Record set below:

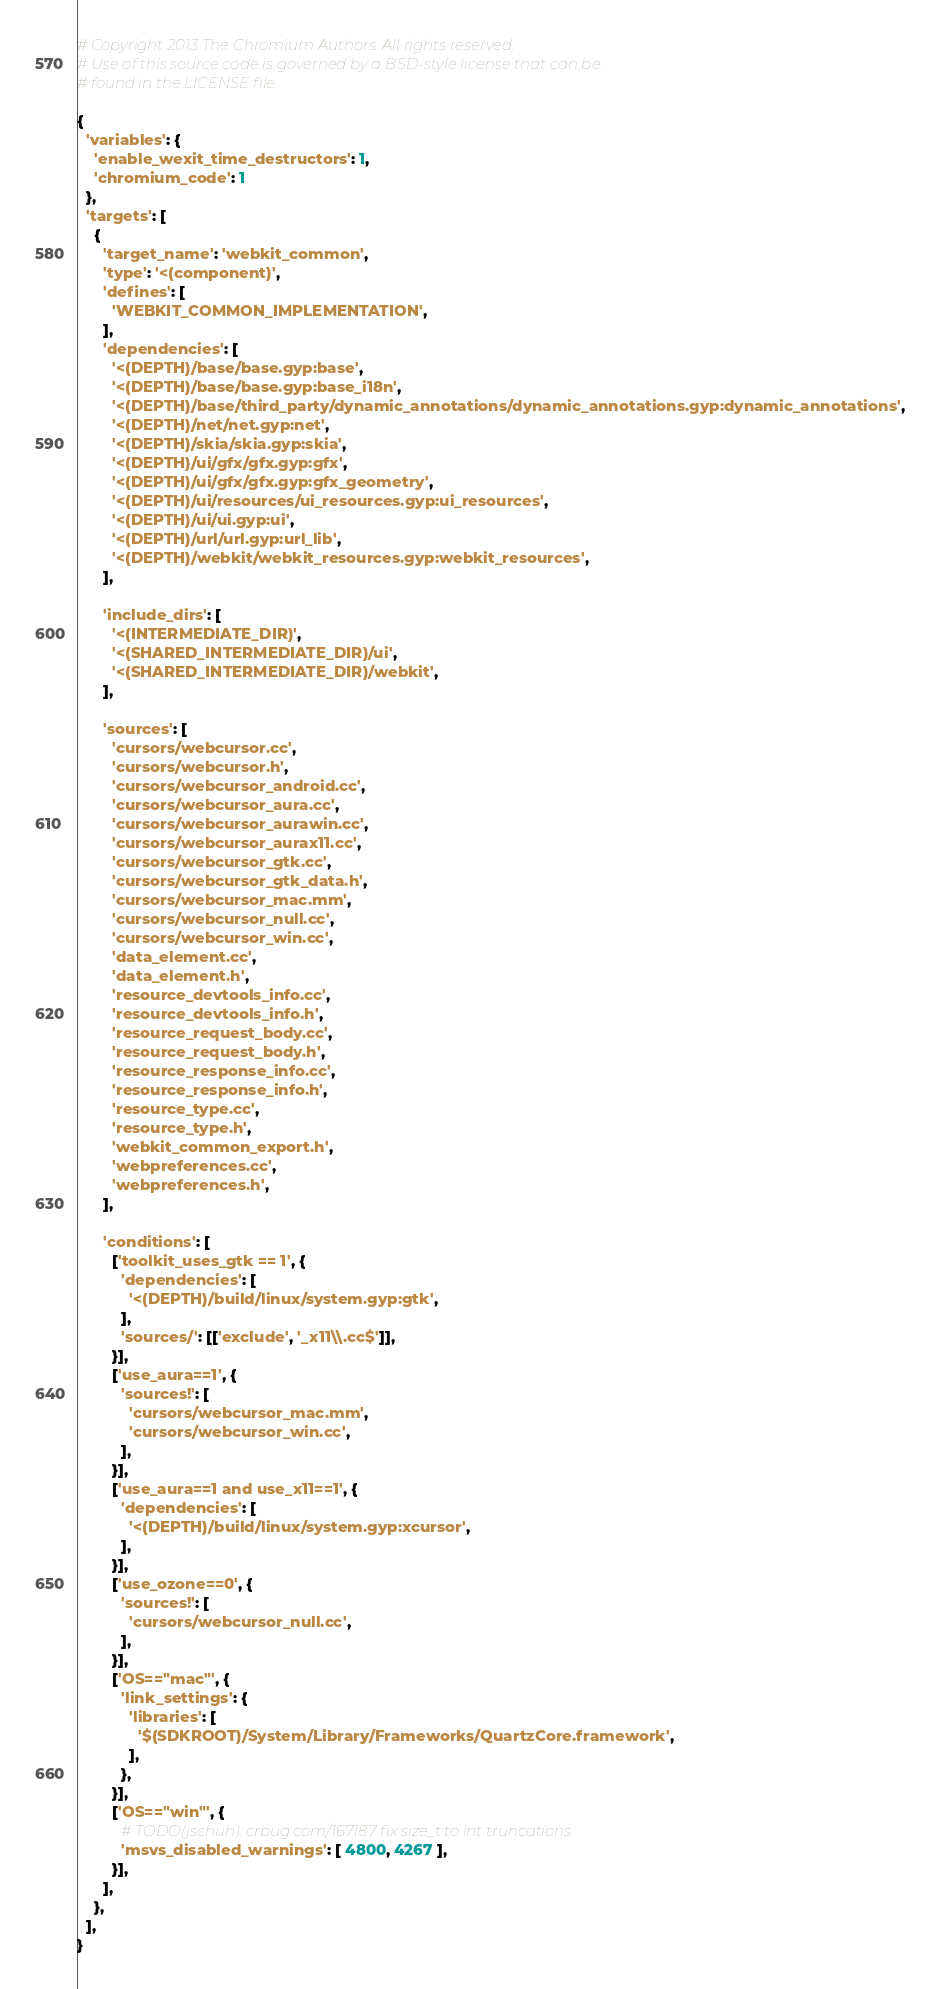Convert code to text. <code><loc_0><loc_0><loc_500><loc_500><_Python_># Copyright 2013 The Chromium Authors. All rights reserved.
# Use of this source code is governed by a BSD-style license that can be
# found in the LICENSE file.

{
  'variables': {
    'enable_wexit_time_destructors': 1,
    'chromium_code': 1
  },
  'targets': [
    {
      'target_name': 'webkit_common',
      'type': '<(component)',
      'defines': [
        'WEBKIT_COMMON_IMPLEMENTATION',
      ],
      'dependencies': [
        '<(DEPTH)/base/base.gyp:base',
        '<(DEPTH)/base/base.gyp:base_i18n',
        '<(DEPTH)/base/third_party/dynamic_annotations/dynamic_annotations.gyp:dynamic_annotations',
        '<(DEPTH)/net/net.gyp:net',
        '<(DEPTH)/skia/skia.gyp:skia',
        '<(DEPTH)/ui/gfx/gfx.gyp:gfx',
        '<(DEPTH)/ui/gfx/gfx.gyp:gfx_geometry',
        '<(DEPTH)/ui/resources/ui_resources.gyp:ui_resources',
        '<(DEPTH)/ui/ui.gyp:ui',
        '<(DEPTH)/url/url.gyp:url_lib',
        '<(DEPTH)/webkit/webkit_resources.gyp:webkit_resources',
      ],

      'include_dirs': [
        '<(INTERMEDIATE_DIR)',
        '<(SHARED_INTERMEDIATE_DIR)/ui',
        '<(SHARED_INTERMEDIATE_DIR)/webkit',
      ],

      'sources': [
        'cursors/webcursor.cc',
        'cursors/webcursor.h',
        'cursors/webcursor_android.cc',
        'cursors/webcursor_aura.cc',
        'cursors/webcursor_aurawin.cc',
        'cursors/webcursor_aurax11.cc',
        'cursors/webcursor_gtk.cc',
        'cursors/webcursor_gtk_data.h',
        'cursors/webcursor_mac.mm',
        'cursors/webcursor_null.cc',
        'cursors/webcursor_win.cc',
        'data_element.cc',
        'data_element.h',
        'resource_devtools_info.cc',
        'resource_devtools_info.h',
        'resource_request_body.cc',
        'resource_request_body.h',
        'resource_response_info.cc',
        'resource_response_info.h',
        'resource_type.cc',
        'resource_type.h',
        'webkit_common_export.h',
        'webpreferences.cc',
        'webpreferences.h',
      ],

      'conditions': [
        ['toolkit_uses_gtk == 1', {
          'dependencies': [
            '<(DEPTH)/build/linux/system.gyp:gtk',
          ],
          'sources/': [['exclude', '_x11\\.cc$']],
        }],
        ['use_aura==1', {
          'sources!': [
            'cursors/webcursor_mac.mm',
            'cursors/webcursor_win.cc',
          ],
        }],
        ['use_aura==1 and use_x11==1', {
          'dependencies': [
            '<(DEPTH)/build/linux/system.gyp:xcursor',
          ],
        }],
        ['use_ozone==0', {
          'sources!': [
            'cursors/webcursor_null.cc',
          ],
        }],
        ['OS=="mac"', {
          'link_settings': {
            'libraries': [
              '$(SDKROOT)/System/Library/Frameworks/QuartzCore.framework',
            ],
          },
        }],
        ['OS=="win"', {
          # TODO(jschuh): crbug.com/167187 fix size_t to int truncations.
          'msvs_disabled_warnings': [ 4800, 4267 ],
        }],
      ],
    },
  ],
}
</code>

End of Record set.

*Problem statement*
Transcribe each entry above exactly, apart from the pictures.

*Result for this task*
Convert code to text. <code><loc_0><loc_0><loc_500><loc_500><_Python_># Copyright 2013 The Chromium Authors. All rights reserved.
# Use of this source code is governed by a BSD-style license that can be
# found in the LICENSE file.

{
  'variables': {
    'enable_wexit_time_destructors': 1,
    'chromium_code': 1
  },
  'targets': [
    {
      'target_name': 'webkit_common',
      'type': '<(component)',
      'defines': [
        'WEBKIT_COMMON_IMPLEMENTATION',
      ],
      'dependencies': [
        '<(DEPTH)/base/base.gyp:base',
        '<(DEPTH)/base/base.gyp:base_i18n',
        '<(DEPTH)/base/third_party/dynamic_annotations/dynamic_annotations.gyp:dynamic_annotations',
        '<(DEPTH)/net/net.gyp:net',
        '<(DEPTH)/skia/skia.gyp:skia',
        '<(DEPTH)/ui/gfx/gfx.gyp:gfx',
        '<(DEPTH)/ui/gfx/gfx.gyp:gfx_geometry',
        '<(DEPTH)/ui/resources/ui_resources.gyp:ui_resources',
        '<(DEPTH)/ui/ui.gyp:ui',
        '<(DEPTH)/url/url.gyp:url_lib',
        '<(DEPTH)/webkit/webkit_resources.gyp:webkit_resources',
      ],

      'include_dirs': [
        '<(INTERMEDIATE_DIR)',
        '<(SHARED_INTERMEDIATE_DIR)/ui',
        '<(SHARED_INTERMEDIATE_DIR)/webkit',
      ],

      'sources': [
        'cursors/webcursor.cc',
        'cursors/webcursor.h',
        'cursors/webcursor_android.cc',
        'cursors/webcursor_aura.cc',
        'cursors/webcursor_aurawin.cc',
        'cursors/webcursor_aurax11.cc',
        'cursors/webcursor_gtk.cc',
        'cursors/webcursor_gtk_data.h',
        'cursors/webcursor_mac.mm',
        'cursors/webcursor_null.cc',
        'cursors/webcursor_win.cc',
        'data_element.cc',
        'data_element.h',
        'resource_devtools_info.cc',
        'resource_devtools_info.h',
        'resource_request_body.cc',
        'resource_request_body.h',
        'resource_response_info.cc',
        'resource_response_info.h',
        'resource_type.cc',
        'resource_type.h',
        'webkit_common_export.h',
        'webpreferences.cc',
        'webpreferences.h',
      ],

      'conditions': [
        ['toolkit_uses_gtk == 1', {
          'dependencies': [
            '<(DEPTH)/build/linux/system.gyp:gtk',
          ],
          'sources/': [['exclude', '_x11\\.cc$']],
        }],
        ['use_aura==1', {
          'sources!': [
            'cursors/webcursor_mac.mm',
            'cursors/webcursor_win.cc',
          ],
        }],
        ['use_aura==1 and use_x11==1', {
          'dependencies': [
            '<(DEPTH)/build/linux/system.gyp:xcursor',
          ],
        }],
        ['use_ozone==0', {
          'sources!': [
            'cursors/webcursor_null.cc',
          ],
        }],
        ['OS=="mac"', {
          'link_settings': {
            'libraries': [
              '$(SDKROOT)/System/Library/Frameworks/QuartzCore.framework',
            ],
          },
        }],
        ['OS=="win"', {
          # TODO(jschuh): crbug.com/167187 fix size_t to int truncations.
          'msvs_disabled_warnings': [ 4800, 4267 ],
        }],
      ],
    },
  ],
}
</code>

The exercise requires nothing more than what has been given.